A series of genes that are required for TS growth at 37°C have been identified, and these include genes that are involved in signaling pathways, specific cellular functions, and basic metabolism (43). Despite substantial knowledge of the genetics of high-temperature growth in C. neoformans, the specific mechanisms of how these genes support high-temperature growth remain uncertain. In this study, where both tps1 and tps2 mutants were incapable of producing trehalose and growth at 37°C, we have identified a potential mechanism necessary for high-temperature growth. It will be important to determine whether other genes or pathways that produce a TS phenotype rely on trehalose production as a basic stress protectant mechanism for high-temperature survival. Recently, Wang et al. found in a two-hybrid assay with cyclophilin A as a promoter trap that the TPS2 gene was interacting with the gene CPA1 (P. Wang, Abstr. 104th Gen. Meet. Amer. Soc. Microbiol., abstr. F054, 2004), which is known for its importance in high-temperature growth of C. neoformans. However, our transcriptional studies with mutants in several signaling pathways associated with high-temperature growth, including the cpa1 mutant, did not appear to be linked with the three trehalose genes. Furthermore, we examined the possibility that a calcineurin mutant (cna1) which has a TS phenotype and also dies slowly at high temperature might not be able to produce trehalose in the cell. In fact, we found that a cna1 mutant produced amounts of trehalose similar to that produced by H99 at 30°C.
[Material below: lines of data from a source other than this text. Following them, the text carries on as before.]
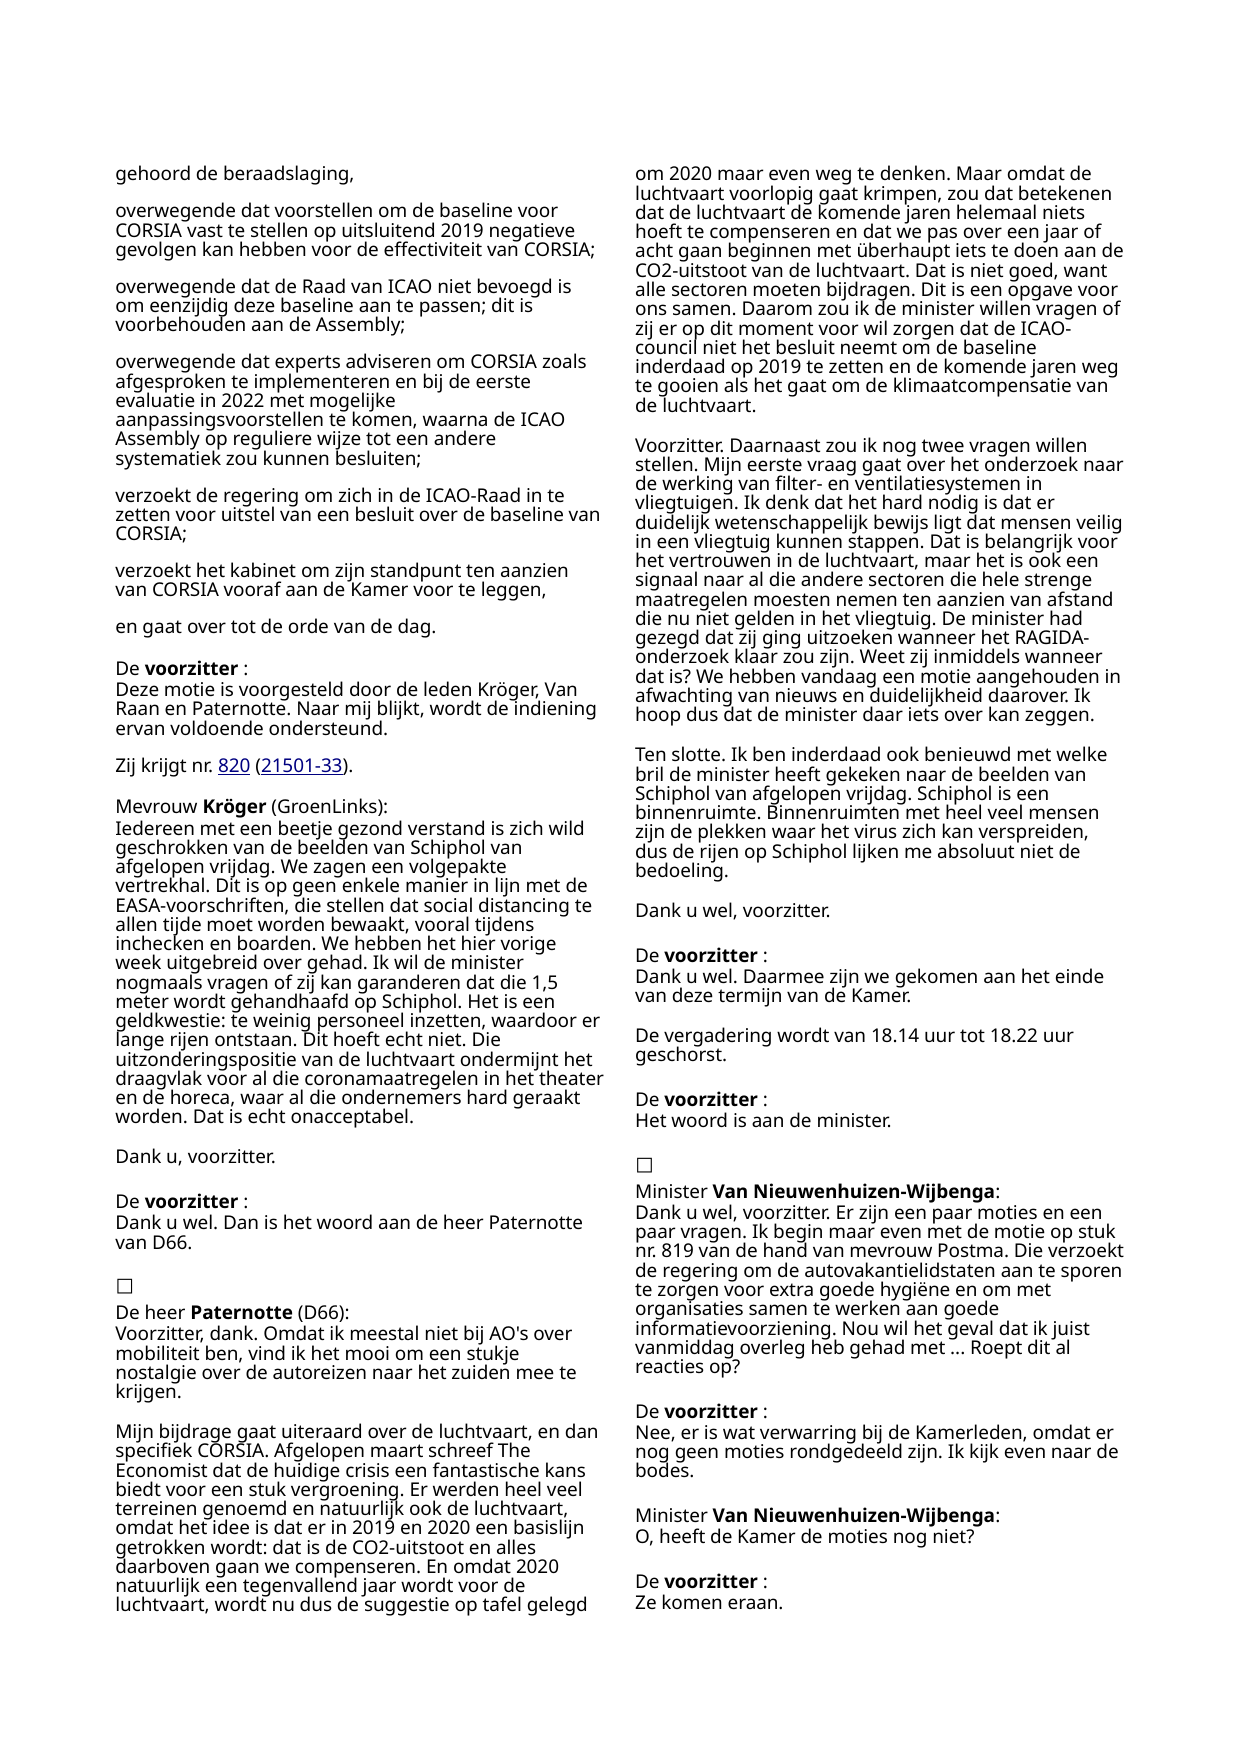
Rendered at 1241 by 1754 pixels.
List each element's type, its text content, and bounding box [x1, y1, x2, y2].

text Minister Van Nieuwenhuizen-Wijbenga: [635, 1502, 1125, 1528]
text verzoekt de regering om zich in de ICAO-Raad in te zetten voor uitstel van een besluit over de baseline van CORSIA; [115, 487, 605, 544]
text Iedereen met een beetje gezond verstand is zich wild geschrokken van de beelden van Schiphol van afgelopen vrijdag. We zagen een volgepakte vertrekhal. Dit is op geen enkele manier in lijn met de EASA-voorschriften, die stellen dat social distancing te allen tijde moet worden bewaakt, vooral tijdens inchecken en boarden. We hebben het hier vorige week uitgebreid over gehad. Ik wil de minister nogmaals vragen of zij kan garanderen dat die 1,5 meter wordt gehandhaafd op Schiphol. Het is een geldkwestie: te weinig personeel inzetten, waardoor er lange rijen ontstaan. Dit hoeft echt niet. Die uitzonderingspositie van de luchtvaart ondermijnt het draagvlak voor al die coronamaatregelen in het theater en de horeca, waar al die ondernemers hard geraakt worden. Dat is echt onacceptabel. [115, 819, 605, 1128]
text ⬜ [635, 1152, 1125, 1178]
text ⬜ [115, 1274, 605, 1299]
text De voorzitter : [115, 1189, 605, 1214]
text verzoekt het kabinet om zijn standpunt ten aanzien van CORSIA vooraf aan de Kamer voor te leggen, [115, 562, 605, 601]
text De voorzitter : [115, 655, 605, 681]
text De voorzitter : [635, 1398, 1125, 1424]
text De vergadering wordt van 18.14 uur tot 18.22 uur geschorst. [635, 1027, 1125, 1066]
text Dank u wel. Daarmee zijn we gekomen aan het einde van deze termijn van de Kamer. [635, 968, 1125, 1006]
text Ze komen eraan. [635, 1594, 1125, 1613]
text Zij krijgt nr. 820 (21501-33). [115, 757, 605, 776]
text Mijn bijdrage gaat uiteraard over de luchtvaart, en dan specifiek CORSIA. Afgelopen maart schreef The Economist dat de huidige crisis een fantastische kans biedt voor een stuk vergroening. Er werden heel veel terreinen genoemd en natuurlijk ook de luchtvaart, omdat het idee is dat er in 2019 en 2020 een basislijn getrokken wordt: dat is de CO2-uitstoot en alles daarboven gaan we compenseren. En omdat 2020 natuurlijk een tegenvallend jaar wordt voor de luchtvaart, wordt nu dus de suggestie op tafel gelegd [115, 1423, 605, 1616]
text Dank u wel, voorzitter. [635, 902, 1125, 921]
text Ten slotte. Ik ben inderdaad ook benieuwd met welke bril de minister heeft gekeken naar de beelden van Schiphol van afgelopen vrijdag. Schiphol is een binnenruimte. Binnenruimten met heel veel mensen zijn de plekken waar het virus zich kan verspreiden, dus de rijen op Schiphol lijken me absoluut niet de bedoeling. [635, 746, 1125, 881]
text Dank u wel, voorzitter. Er zijn een paar moties en een paar vragen. Ik begin maar even met de motie op stuk nr. 819 van de hand van mevrouw Postma. Die verzoekt de regering om de autovakantielidstaten aan te sporen te zorgen voor extra goede hygiëne en om met organisaties samen te werken aan goede informatievoorziening. Nou wil het geval dat ik juist vanmiddag overleg heb gehad met ... Roept dit al reacties op? [635, 1204, 1125, 1377]
text De voorzitter : [635, 1087, 1125, 1112]
text De heer Paternotte (D66): [115, 1299, 605, 1325]
text Dank u, voorzitter. [115, 1148, 605, 1168]
text Deze motie is voorgesteld door de leden Kröger, Van Raan en Paternotte. Naar mij blijkt, wordt de indiening ervan voldoende ondersteund. [115, 681, 605, 739]
text overwegende dat experts adviseren om CORSIA zoals afgesproken te implementeren en bij de eerste evaluatie in 2022 met mogelijke aanpassingsvoorstellen te komen, waarna de ICAO Assembly op reguliere wijze tot een andere systematiek zou kunnen besluiten; [115, 353, 605, 469]
text overwegende dat voorstellen om de baseline voor CORSIA vast te stellen op uitsluitend 2019 negatieve gevolgen kan hebben voor de effectiviteit van CORSIA; [115, 202, 605, 260]
text overwegende dat de Raad van ICAO niet bevoegd is om eenzijdig deze baseline aan te passen; dit is voorbehouden aan de Assembly; [115, 278, 605, 336]
text Voorzitter. Daarnaast zou ik nog twee vragen willen stellen. Mijn eerste vraag gaat over het onderzoek naar de werking van filter- en ventilatiesystemen in vliegtuigen. Ik denk dat het hard nodig is dat er duidelijk wetenschappelijk bewijs ligt dat mensen veilig in een vliegtuig kunnen stappen. Dat is belangrijk voor het vertrouwen in de luchtvaart, maar het is ook een signaal naar al die andere sectoren die hele strenge maatregelen moesten nemen ten aanzien van afstand die nu niet gelden in het vliegtuig. De minister had gezegd dat zij ging uitzoeken wanneer het RAGIDA-onderzoek klaar zou zijn. Weet zij inmiddels wanneer dat is? We hebben vandaag een motie aangehouden in afwachting van nieuws en duidelijkheid daarover. Ik hoop dus dat de minister daar iets over kan zeggen. [635, 437, 1125, 726]
text en gaat over tot de orde van de dag. [115, 618, 605, 638]
text De voorzitter : [635, 1568, 1125, 1594]
text O, heeft de Kamer de moties nog niet? [635, 1528, 1125, 1547]
text Het woord is aan de minister. [635, 1112, 1125, 1132]
text Minister Van Nieuwenhuizen-Wijbenga: [635, 1178, 1125, 1204]
text Voorzitter, dank. Omdat ik meestal niet bij AO's over mobiliteit ben, vind ik het mooi om een stukje nostalgie over de autoreizen naar het zuiden mee te krijgen. [115, 1325, 605, 1402]
text om 2020 maar even weg te denken. Maar omdat de luchtvaart voorlopig gaat krimpen, zou dat betekenen dat de luchtvaart de komende jaren helemaal niets hoeft te compenseren en dat we pas over een jaar of acht gaan beginnen met überhaupt iets te doen aan de CO2-uitstoot van de luchtvaart. Dat is niet goed, want alle sectoren moeten bijdragen. Dit is een opgave voor ons samen. Daarom zou ik de minister willen vragen of zij er op dit moment voor wil zorgen dat de ICAO-council niet het besluit neemt om de baseline inderdaad op 2019 te zetten en de komende jaren weg te gooien als het gaat om de klimaatcompensatie van de luchtvaart. [635, 165, 1125, 416]
text Mevrouw Kröger (GroenLinks): [115, 794, 605, 819]
text De voorzitter : [635, 942, 1125, 968]
text Dank u wel. Dan is het woord aan de heer Paternotte van D66. [115, 1214, 605, 1253]
text Nee, er is wat verwarring bij de Kamerleden, omdat er nog geen moties rondgedeeld zijn. Ik kijk even naar de bodes. [635, 1424, 1125, 1482]
text gehoord de beraadslaging, [115, 165, 605, 184]
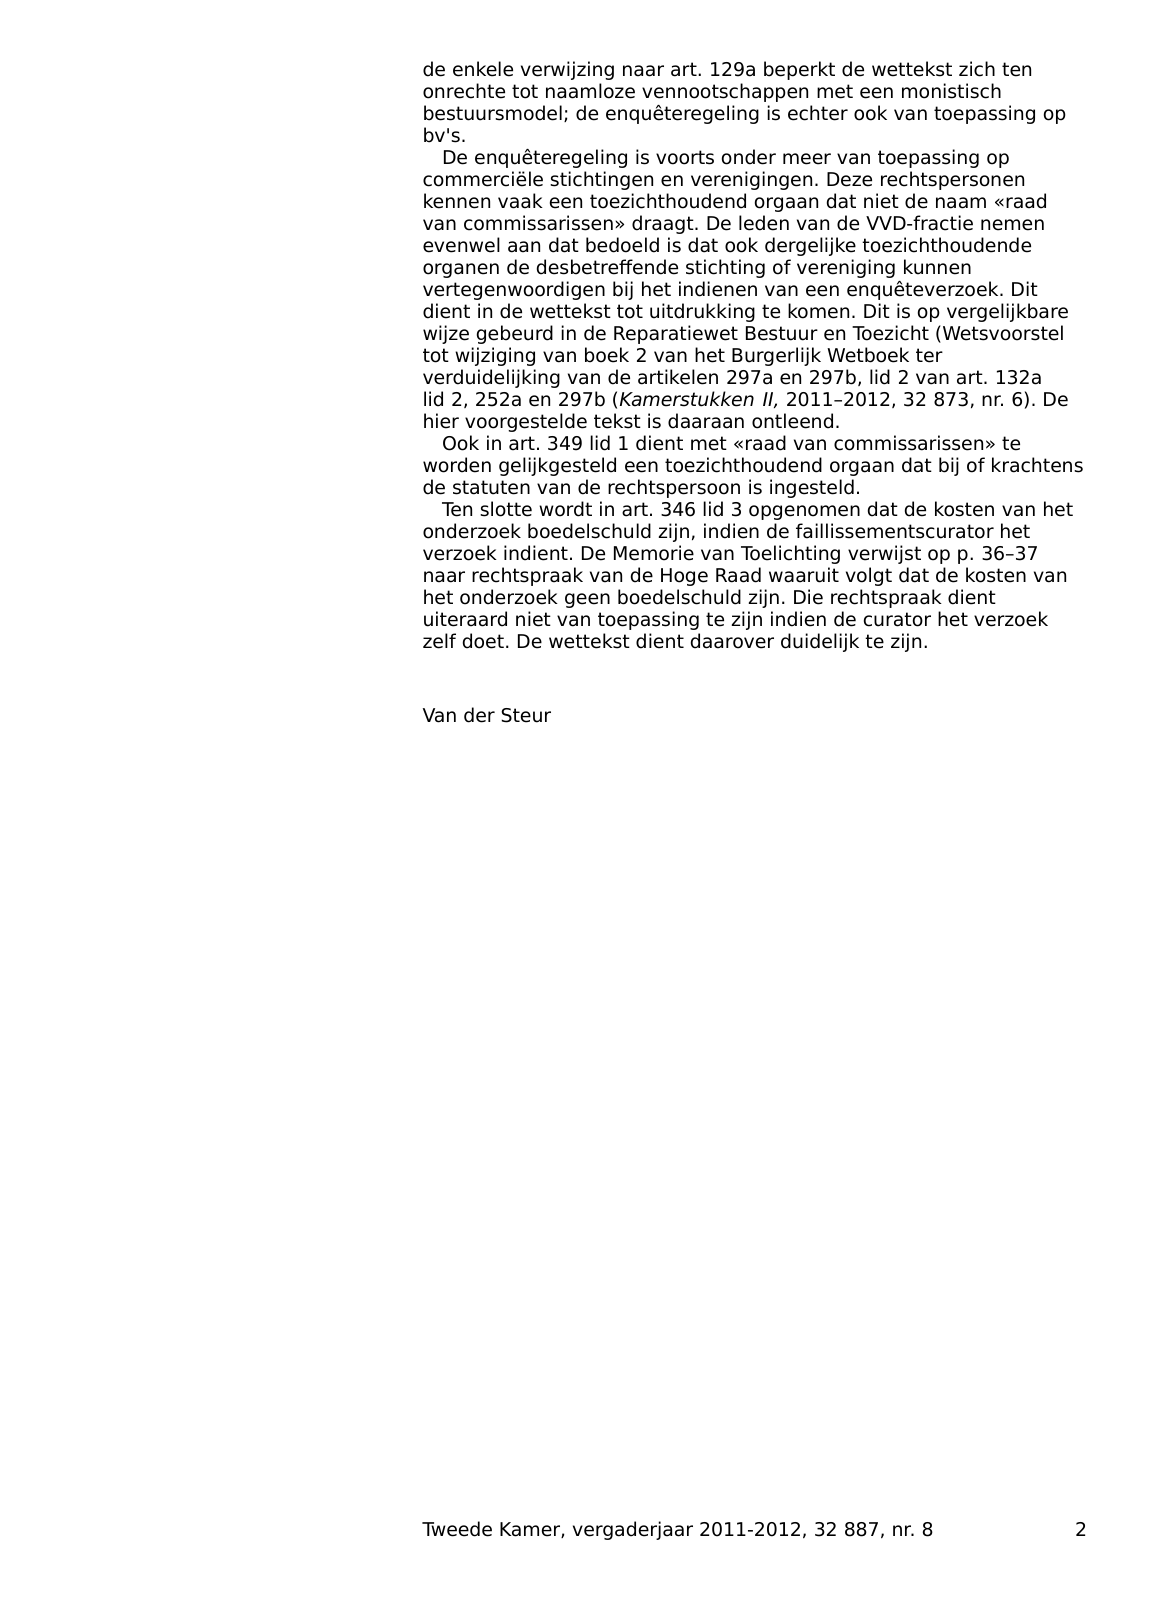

It is apparent from our animal experiments and in vitro phenotypic studies that the trehalose synthesis genes, TPS1 and TPS2, show great promise as drug targets for C. neoformans infections. TPS2 shows value as an antifungal target since it is fungicidal in vitro and it is important in virulence in another medically important fungus, C. albicans (58). Similarly, the C. neoformans tps1 mutant was completely and rapidly eliminated from both immunosuppressed and immunocompetent hosts in this study. As noted for the severely immunosuppressed rabbit meningitis model, in which the poor inflammatory response approximates that of an AIDS patient, the tps1 mutant was rapidly and completely eliminated at an immunologically privileged body site. Furthermore, the trehalose pathway is simple and relatively well understood and is not found in mammals. Since the pathway is essential for C. neoformans survival in the mammalian host, it could be used either as a target for antifungal drugs or for creation of an attenuated TS strain for use as a live immunizing vaccine.